Tiba-tiba dari arah dapur terdengar suara orang terjatuh. Bram bergegas menuju asal suara tersebut, aku mengikut di belakangnya. Terlihat Mang Paes sudah tergeletak di lantai. matanya melotot, keringatnya bercucuran. Kucoba untuk mengangkatnya. Tapi badannya panas sekali. Lantas bram menggendongnya seraya merebahkannya di atas kasur. Aku bergegas menuju mobil untuk mengambil obat-obatan yang tersedia. Ketika aku kembali ke kamar dengan membawa sekotak obat. Bram terduduk di lantai. Badannya menyandar ke dinding yang dingin. Mukanya tegang menyiratkan ketakutan dan kehampaan.

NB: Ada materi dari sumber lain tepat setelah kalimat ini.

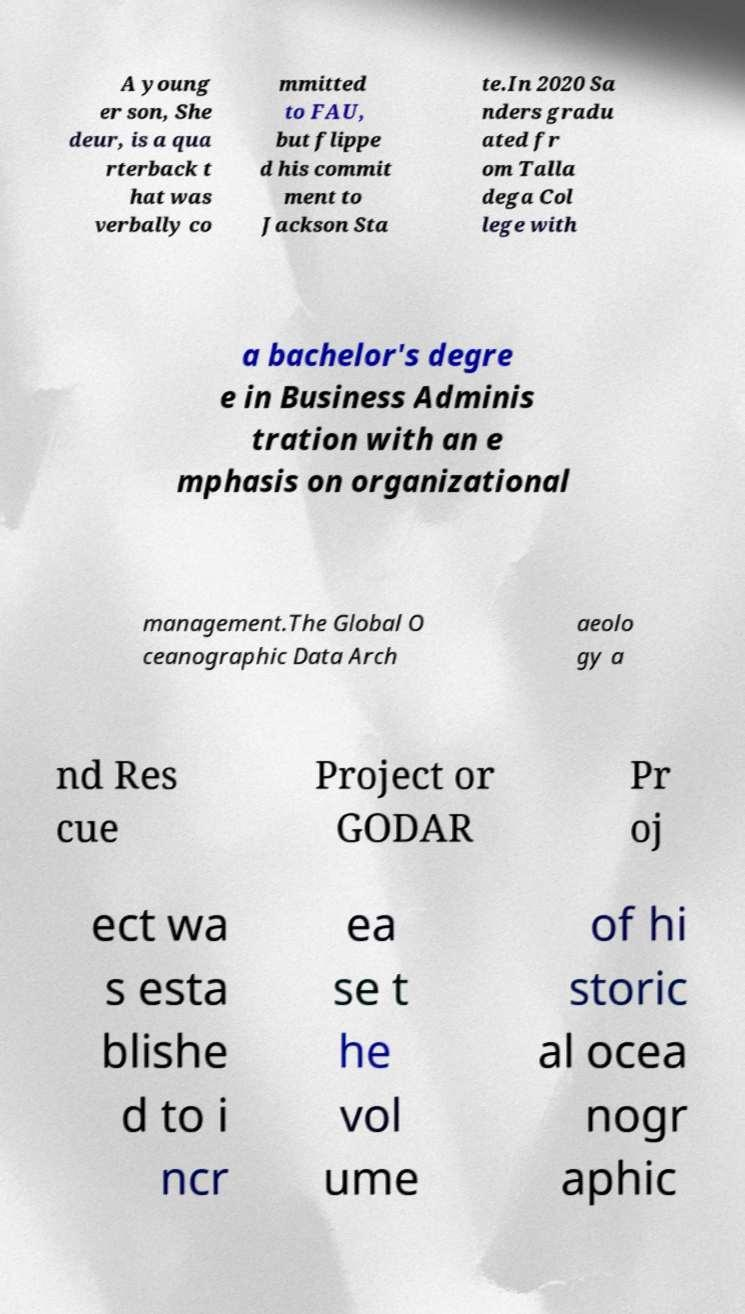For documentation purposes, I need the text within this image transcribed. Could you provide that? A young er son, She deur, is a qua rterback t hat was verbally co mmitted to FAU, but flippe d his commit ment to Jackson Sta te.In 2020 Sa nders gradu ated fr om Talla dega Col lege with a bachelor's degre e in Business Adminis tration with an e mphasis on organizational management.The Global O ceanographic Data Arch aeolo gy a nd Res cue Project or GODAR Pr oj ect wa s esta blishe d to i ncr ea se t he vol ume of hi storic al ocea nogr aphic 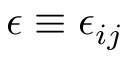Convert formula to latex. <formula><loc_0><loc_0><loc_500><loc_500>\epsilon \equiv \epsilon _ { i j }</formula> 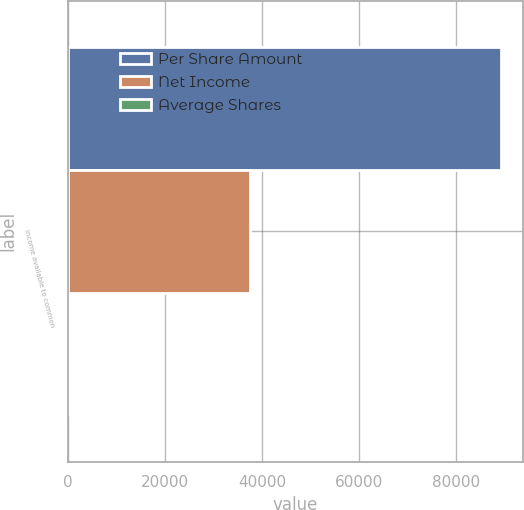Convert chart to OTSL. <chart><loc_0><loc_0><loc_500><loc_500><stacked_bar_chart><ecel><fcel>Income available to common<nl><fcel>Per Share Amount<fcel>89385<nl><fcel>Net Income<fcel>37615<nl><fcel>Average Shares<fcel>2.38<nl></chart> 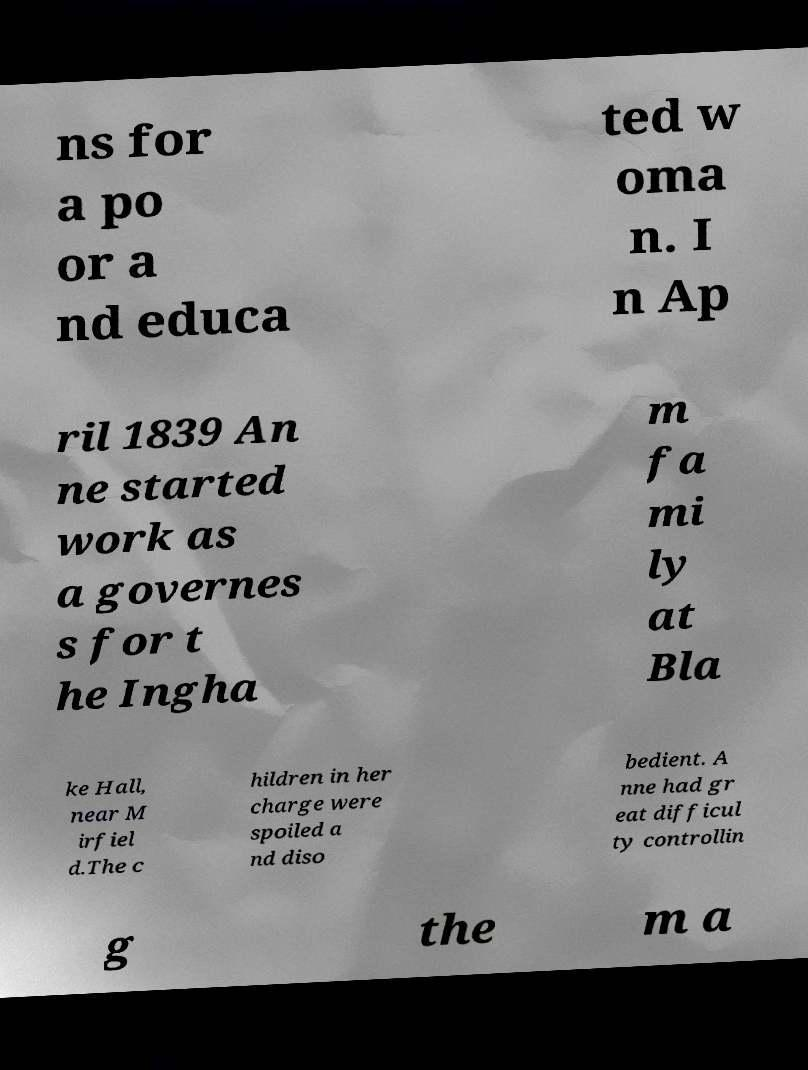Can you read and provide the text displayed in the image?This photo seems to have some interesting text. Can you extract and type it out for me? ns for a po or a nd educa ted w oma n. I n Ap ril 1839 An ne started work as a governes s for t he Ingha m fa mi ly at Bla ke Hall, near M irfiel d.The c hildren in her charge were spoiled a nd diso bedient. A nne had gr eat difficul ty controllin g the m a

Seketika aku melihat tubuh orang tergeletak, dengan mulut mengeluarkan darah sudah tak bernyawa.
“Jean.. dia sudah mati…” Suara Bram berhembus parau.
Terpaan sinar matahari pagi datang dengan bijaksana untuk membangunkan seluruh penghuni alam yang masih terlelap. Berbondong-bondong orang desa berlalu lalang di depan kuburan ini. Sekedar memberi penghormatan terakhir meninggalnya mang Paes secara misterius. Menurut warga desa, Akhir-akhir ini mang Paes selalu gelisah, jarang bicara dan terlihat lunglai. Desas-desusnya, mang Paes meninggal karena Ilmu hitam.
Mang Paes dikenal memiliki sebuah kotak kayu yang disimpan di kamarnya. Katanya kotak kayu itu dibuat dari kayu pohon cemara di dalam hutan angker kawasan gunung Sewu yang letaknya tak jauh dari rumah kakek. Mang Paes berjalan berhari-hari melintasi hutan-hutan rimba, yang konon katanya pohonya bernyawa dan dapat berpindah-pindah. Orang yang miskin ilmu ghaib dapat terkatung-katung dibuatnya. Bahkan sudah banyak orang yang tidak kembali lagi. Terdengar kabar bahwa mereka dikawini oleh dedemit-dedemit hutan.
Sepertinya mang Paes memerlukan kotak itu untuk menyimpan suatu benda pusaka. Keris, badik, mata tombak aku tak yakin. Hutan cemara di daerah gunung Sewu memang menjadi suatu tempat sejarah yang masih diragukan kebenarannya sampai saat ini. Konon dahulu ketika pasukan kerajaan Sunda melewati daerah itu. Mereka di jegal kawanan perampok yang mempunyai anak buah raksasa-raksasa haus darah. Seketika pasukan itu takluk dalam satu serangan. Kemudian mayat-mayatnya menjadi santapan pohon-pohon cemara hidup. Aku memang tak terlalu percaya pada cerita rakyat macam itu. Hanya saja membayangkannya menjadikan diriku agak bergidik dihantui ketakutan yang tidak pasti.
Di luar, udara malam cukup dingin. Orang-orang bernyawa sudah tewas dimakan tempat tidurnya. Sudah lewat tengah malam aku masih terjaga. terduduk di depan perapian hanya untuk menciumi buku-buku kakek. Bau debu sudah seperti melati, menusuk ke dalam indera penciuman berganti menjadi aroma kenangan.